There is evidence that IBV recombination occurs in the envelope and membrane genes [37]. In this study, many Chinese isolates, such as SAIBK, partridge/GD/S14/2003, CK/CH/LGD/04II, CK/CH/LSC/99I, LDT3, and our newly isolated strain, HH06, were isolated from rather different places in China had very high sequence identity. Our data indicate that the spread of IBV to different regions of China may occur, and whether there is a recombination needs to be investigated in the future.
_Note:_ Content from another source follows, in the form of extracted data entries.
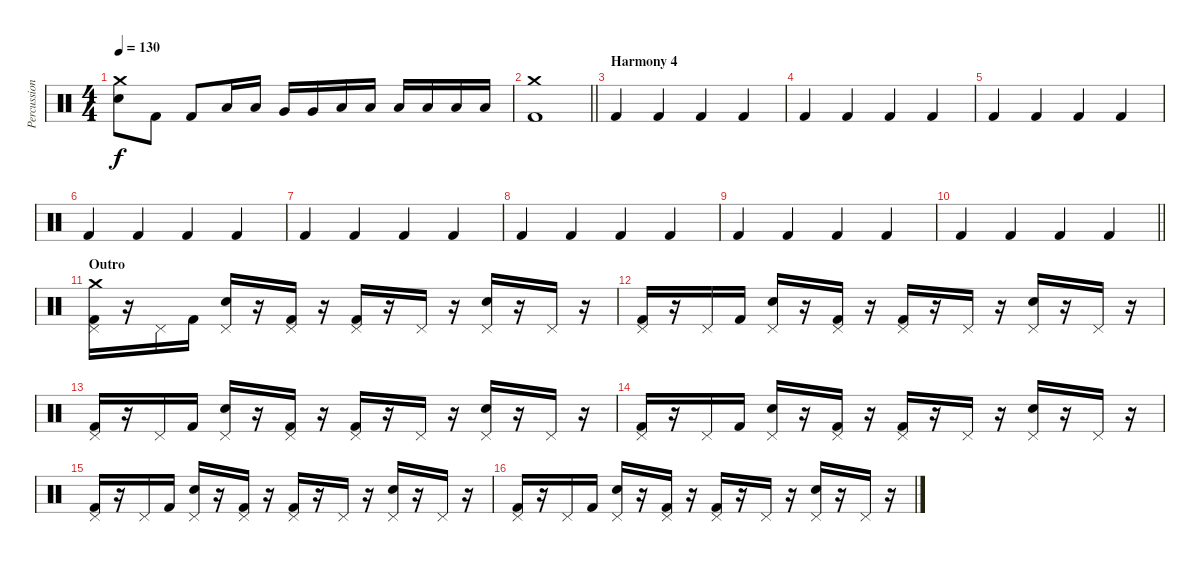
\track ("Percussion" "Percussion") {instrument percussion}
\staff {score}
\articulation defaults
\ts (4 4)
\tempo 130
\clef neutral
\ks c
("Electric Snare (hit)" "Crash medium (hit)").8{dy f} "Kick (hit) 2".8 "Kick (hit) 2".8 "Low Tom (hit)".16 "Low Tom (hit)".16 "Very Low Tom (hit)".16 "Very Low Tom (hit)".16 "Low Floor Tom (hit)".16 "Low Floor Tom (hit)".16 "Low Floor Tom (hit)".16 "Low Floor Tom (hit)".16 "Low Floor Tom (hit)".16 "Low Floor Tom (hit)".16 |
\barLineRight lightlight
("Kick (hit) 2" "Crash medium (hit)").1 |
\section ("" "Harmony 4")
"Kick (hit) 2".4 "Kick (hit) 2".4 "Kick (hit) 2".4 "Kick (hit) 2".4 |
"Kick (hit) 2".4 "Kick (hit) 2".4 "Kick (hit) 2".4 "Kick (hit) 2".4 |
"Kick (hit) 2".4 "Kick (hit) 2".4 "Kick (hit) 2".4 "Kick (hit) 2".4 |
"Kick (hit) 2".4 "Kick (hit) 2".4 "Kick (hit) 2".4 "Kick (hit) 2".4 |
"Kick (hit) 2".4 "Kick (hit) 2".4 "Kick (hit) 2".4 "Kick (hit) 2".4 |
"Kick (hit) 2".4 "Kick (hit) 2".4 "Kick (hit) 2".4 "Kick (hit) 2".4 |
"Kick (hit) 2".4 "Kick (hit) 2".4 "Kick (hit) 2".4 "Kick (hit) 2".4 |
\barLineRight lightlight "Kick (hit) 2".4 "Kick (hit) 2".4 "Kick (hit) 2".4 "Kick (hit) 2".4
|
\section ("" "Outro")
("Kick (hit) 2" "Pedal Hi-Hat (hit)" "Crash medium (hit)").16 r.16 "Pedal Hi-Hat (hit)".16 "Kick (hit) 2".16 ("Electric Snare (hit)" "Pedal Hi-Hat (hit)").16 r.16 ("Kick (hit) 2" "Pedal Hi-Hat (hit)").16 r.16 ("Kick (hit) 2" "Pedal Hi-Hat (hit)").16 r.16 "Pedal Hi-Hat (hit)".16 r.16 ("Electric Snare (hit)" "Pedal Hi-Hat (hit)").16 r.16 "Pedal Hi-Hat (hit)".16 r.16 |
("Kick (hit) 2" "Pedal Hi-Hat (hit)").16 r.16 "Pedal Hi-Hat (hit)".16 "Kick (hit) 2".16 ("Electric Snare (hit)" "Pedal Hi-Hat (hit)").16 r.16 ("Kick (hit) 2" "Pedal Hi-Hat (hit)").16 r.16 ("Kick (hit) 2" "Pedal Hi-Hat (hit)").16 r.16 "Pedal Hi-Hat (hit)".16 r.16 ("Electric Snare (hit)" "Pedal Hi-Hat (hit)").16 r.16 "Pedal Hi-Hat (hit)".16 r.16 |
("Kick (hit) 2" "Pedal Hi-Hat (hit)").16 r.16 "Pedal Hi-Hat (hit)".16 "Kick (hit) 2".16 ("Electric Snare (hit)" "Pedal Hi-Hat (hit)").16 r.16 ("Kick (hit) 2" "Pedal Hi-Hat (hit)").16 r.16 ("Kick (hit) 2" "Pedal Hi-Hat (hit)").16 r.16 "Pedal Hi-Hat (hit)".16 r.16 ("Electric Snare (hit)" "Pedal Hi-Hat (hit)").16 r.16 "Pedal Hi-Hat (hit)".16 r.16 |
("Kick (hit) 2" "Pedal Hi-Hat (hit)").16 r.16 "Pedal Hi-Hat (hit)".16 "Kick (hit) 2".16 ("Electric Snare (hit)" "Pedal Hi-Hat (hit)").16 r.16 ("Kick (hit) 2" "Pedal Hi-Hat (hit)").16 r.16 ("Kick (hit) 2" "Pedal Hi-Hat (hit)").16 r.16 "Pedal Hi-Hat (hit)".16 r.16 ("Electric Snare (hit)" "Pedal Hi-Hat (hit)").16 r.16 "Pedal Hi-Hat (hit)".16 r.16 |
("Kick (hit) 2" "Pedal Hi-Hat (hit)").16 r.16 "Pedal Hi-Hat (hit)".16 "Kick (hit) 2".16 ("Electric Snare (hit)" "Pedal Hi-Hat (hit)").16 r.16 ("Kick (hit) 2" "Pedal Hi-Hat (hit)").16 r.16 ("Kick (hit) 2" "Pedal Hi-Hat (hit)").16 r.16 "Pedal Hi-Hat (hit)".16 r.16 ("Electric Snare (hit)" "Pedal Hi-Hat (hit)").16 r.16 "Pedal Hi-Hat (hit)".16 r.16 |
("Kick (hit) 2" "Pedal Hi-Hat (hit)").16 r.16 "Pedal Hi-Hat (hit)".16 "Kick (hit) 2".16 ("Electric Snare (hit)" "Pedal Hi-Hat (hit)").16 r.16 ("Kick (hit) 2" "Pedal Hi-Hat (hit)").16 r.16 ("Kick (hit) 2" "Pedal Hi-Hat (hit)").16 r.16 "Pedal Hi-Hat (hit)".16 r.16 ("Electric Snare (hit)" "Pedal Hi-Hat (hit)").16 r.16 "Pedal Hi-Hat (hit)".16 r.16
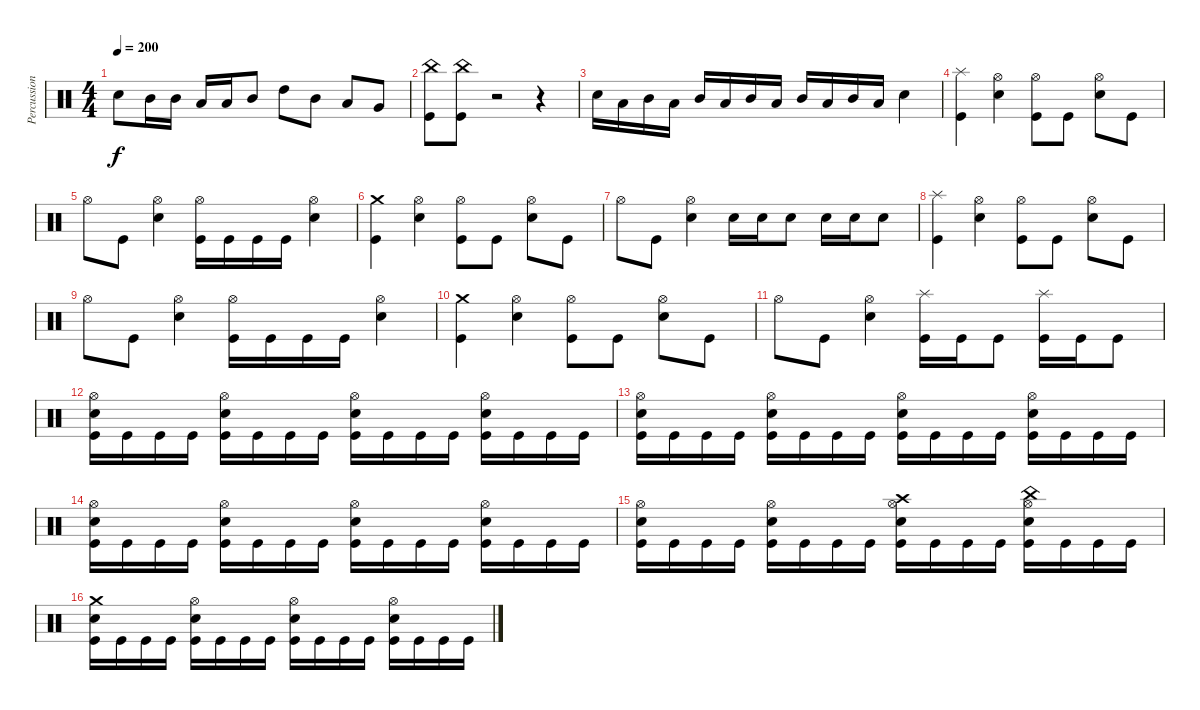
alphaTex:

\track ("Percussion" "Percussion") {instrument percussion}
\staff {score}
\articulation defaults
\ts (4 4)
\tempo 200
\clef neutral
\ks c "Electric Snare (hit)".8{dy f} "Mid Tom (hit)".16 "Mid Tom (hit)".16 "Low Tom (hit)".16 "Low Tom (hit)".16 "Mid Tom (hit)".8 "High Tom (hit)".8 "Mid Tom (hit)".8 "Low Tom (hit)".8 "Very Low Tom (hit)".8
|
("China (hit)" "Kick (hit)").8 ("China (hit)" "Kick (hit)").8 r.2 r.4 |
"Electric Snare (hit)".16 "Low Tom (hit)".16 "Mid Tom (hit)".16 "Low Tom (hit)".16 "Mid Tom (hit)".16 "Low Tom (hit)".16 "Mid Tom (hit)".16 "Low Tom (hit)".16 "Mid Tom (hit)".16 "Low Tom (hit)".16 "Mid Tom (hit)".16 "Low Tom (hit)".16 "Electric Snare (hit)".4 |
("Splash (hit)" "Kick (hit)").4 ("Hi-Hat (open)" "Electric Snare (hit)").4 ("Hi-Hat (open)" "Kick (hit)").8 "Kick (hit)".8 ("Hi-Hat (open)" "Electric Snare (hit)").8 "Kick (hit)".8 |
"Hi-Hat (open)".8 "Kick (hit)".8 ("Hi-Hat (open)" "Electric Snare (hit)").4 ("Hi-Hat (open)" "Kick (hit)").16 "Kick (hit)".16 "Kick (hit)".16 "Kick (hit)".16 ("Hi-Hat (open)" "Electric Snare (hit)").4 |
("Crash medium (hit)" "Kick (hit)").4 ("Hi-Hat (open)" "Electric Snare (hit)").4 ("Hi-Hat (open)" "Kick (hit)").8 "Kick (hit)".8 ("Hi-Hat (open)" "Electric Snare (hit)").8 "Kick (hit)".8 |
"Hi-Hat (open)".8 "Kick (hit)".8 ("Hi-Hat (open)" "Electric Snare (hit)").4 "Electric Snare (hit)".16 "Electric Snare (hit)".16 "Electric Snare (hit)".8 "Electric Snare (hit)".16 "Electric Snare (hit)".16 "Electric Snare (hit)".8 |
("Splash (hit)" "Kick (hit)").4 ("Hi-Hat (open)" "Electric Snare (hit)").4 ("Hi-Hat (open)" "Kick (hit)").8 "Kick (hit)".8 ("Hi-Hat (open)" "Electric Snare (hit)").8 "Kick (hit)".8 |
"Hi-Hat (open)".8 "Kick (hit)".8 ("Hi-Hat (open)" "Electric Snare (hit)").4 ("Hi-Hat (open)" "Kick (hit)").16 "Kick (hit)".16 "Kick (hit)".16 "Kick (hit)".16 ("Hi-Hat (open)" "Electric Snare (hit)").4 |
("Crash medium (hit)" "Kick (hit)").4 ("Hi-Hat (open)" "Electric Snare (hit)").4 ("Hi-Hat (open)" "Kick (hit)").8 "Kick (hit)".8 ("Hi-Hat (open)" "Electric Snare (hit)").8 "Kick (hit)".8 |
"Hi-Hat (open)".8 "Kick (hit)".8 ("Hi-Hat (open)" "Electric Snare (hit)").4 ("Splash (hit)" "Kick (hit)").16 "Kick (hit)".16 "Kick (hit)".8 ("Splash (hit)" "Kick (hit)").16 "Kick (hit)".16 "Kick (hit)".8 |
("Hi-Hat (open)" "Electric Snare (hit)" "Kick (hit)").16 "Kick (hit)".16 "Kick (hit)".16 "Kick (hit)".16 ("Hi-Hat (open)" "Electric Snare (hit)" "Kick (hit)").16 "Kick (hit)".16 "Kick (hit)".16 "Kick (hit)".16 ("Hi-Hat (open)" "Electric Snare (hit)" "Kick (hit)").16 "Kick (hit)".16 "Kick (hit)".16 "Kick (hit)".16 ("Hi-Hat (open)" "Electric Snare (hit)" "Kick (hit)").16 "Kick (hit)".16 "Kick (hit)".16 "Kick (hit)".16 |
("Hi-Hat (open)" "Electric Snare (hit)" "Kick (hit)").16 "Kick (hit)".16 "Kick (hit)".16 "Kick (hit)".16 ("Hi-Hat (open)" "Electric Snare (hit)" "Kick (hit)").16 "Kick (hit)".16 "Kick (hit)".16 "Kick (hit)".16 ("Hi-Hat (open)" "Electric Snare (hit)" "Kick (hit)").16 "Kick (hit)".16 "Kick (hit)".16 "Kick (hit)".16 ("Hi-Hat (open)" "Electric Snare (hit)" "Kick (hit)").16 "Kick (hit)".16 "Kick (hit)".16 "Kick (hit)".16 |
("Hi-Hat (open)" "Electric Snare (hit)" "Kick (hit)").16 "Kick (hit)".16 "Kick (hit)".16 "Kick (hit)".16 ("Hi-Hat (open)" "Electric Snare (hit)" "Kick (hit)").16 "Kick (hit)".16 "Kick (hit)".16 "Kick (hit)".16 ("Hi-Hat (open)" "Electric Snare (hit)" "Kick (hit)").16 "Kick (hit)".16 "Kick (hit)".16 "Kick (hit)".16 ("Hi-Hat (open)" "Electric Snare (hit)" "Kick (hit)").16 "Kick (hit)".16 "Kick (hit)".16 "Kick (hit)".16 |
("Hi-Hat (open)" "Electric Snare (hit)" "Kick (hit)").16 "Kick (hit)".16 "Kick (hit)".16 "Kick (hit)".16 ("Hi-Hat (open)" "Electric Snare (hit)" "Kick (hit)").16 "Kick (hit)".16 "Kick (hit)".16 "Kick (hit)".16 ("Crash high (hit)" "Hi-Hat (open)" "Electric Snare (hit)" "Kick (hit)").16 "Kick (hit)".16 "Kick (hit)".16 "Kick (hit)".16 ("China (hit)" "Hi-Hat (open)" "Electric Snare (hit)" "Kick (hit)").16 "Kick (hit)".16 "Kick (hit)".16 "Kick (hit)".16 |
("Crash medium (hit)" "Electric Snare (hit)" "Kick (hit)").16 "Kick (hit)".16 "Kick (hit)".16 "Kick (hit)".16 ("Hi-Hat (open)" "Electric Snare (hit)" "Kick (hit)").16 "Kick (hit)".16 "Kick (hit)".16 "Kick (hit)".16 ("Hi-Hat (open)" "Electric Snare (hit)" "Kick (hit)").16 "Kick (hit)".16 "Kick (hit)".16 "Kick (hit)".16 ("Hi-Hat (open)" "Electric Snare (hit)" "Kick (hit)").16 "Kick (hit)".16 "Kick (hit)".16 "Kick (hit)".16

To further elucidate the molecular evolution of IBV, a phylogenetic tree was constructed according to the M gene sequences. In agreement with the sequence comparison, the tree topology showed the IBV isolates have been divided into several branches, and most Chinese isolates including HH06 isolate were closely clustered in the phylogenetic tree. Most American IBV isolates were also located in neighbored branches. Interestingly, many Chinese IBV isolates that were from different places shared the same branch. For example, SAIBK isolated from Sichuan Province, partridge/GD/S14/2003 and LDT3 isolated from Guangdong Province, and HH06 isolated in Northern China shared the same branch and displayed closer relationships. This result, together with the sequence comparison, allows us to hypothesize that some Chinese IBV isolates may have a common ancestor, although they were isolated from the different regions in mainland China. Particularly, it should be noted that the IBV LDT3 is a peafowl isolate [19, 36]. However, the distinctive dissimilarity between many Chinese isolates and the widely used IBV vaccine strain such as H120 and H52 also indicates that the antigenic drift is likely to occur among some Chinese IBV strains under the long-term immune pressure.

Our results also highlight the importance of developing in time new IBV vaccines against the IBV variants. However, more data and necessary experiments are required to verify our hypothesis and to delineate why the Chinese isolates (HK and Jilin) locate in other different branches in the phylogenetic tree, respectively. In addition, to really understand the relationships among the IBV isolates, more extensive sequencing of the whole genome, the regional vaccination background, and the epidemiology should be investigated in the future.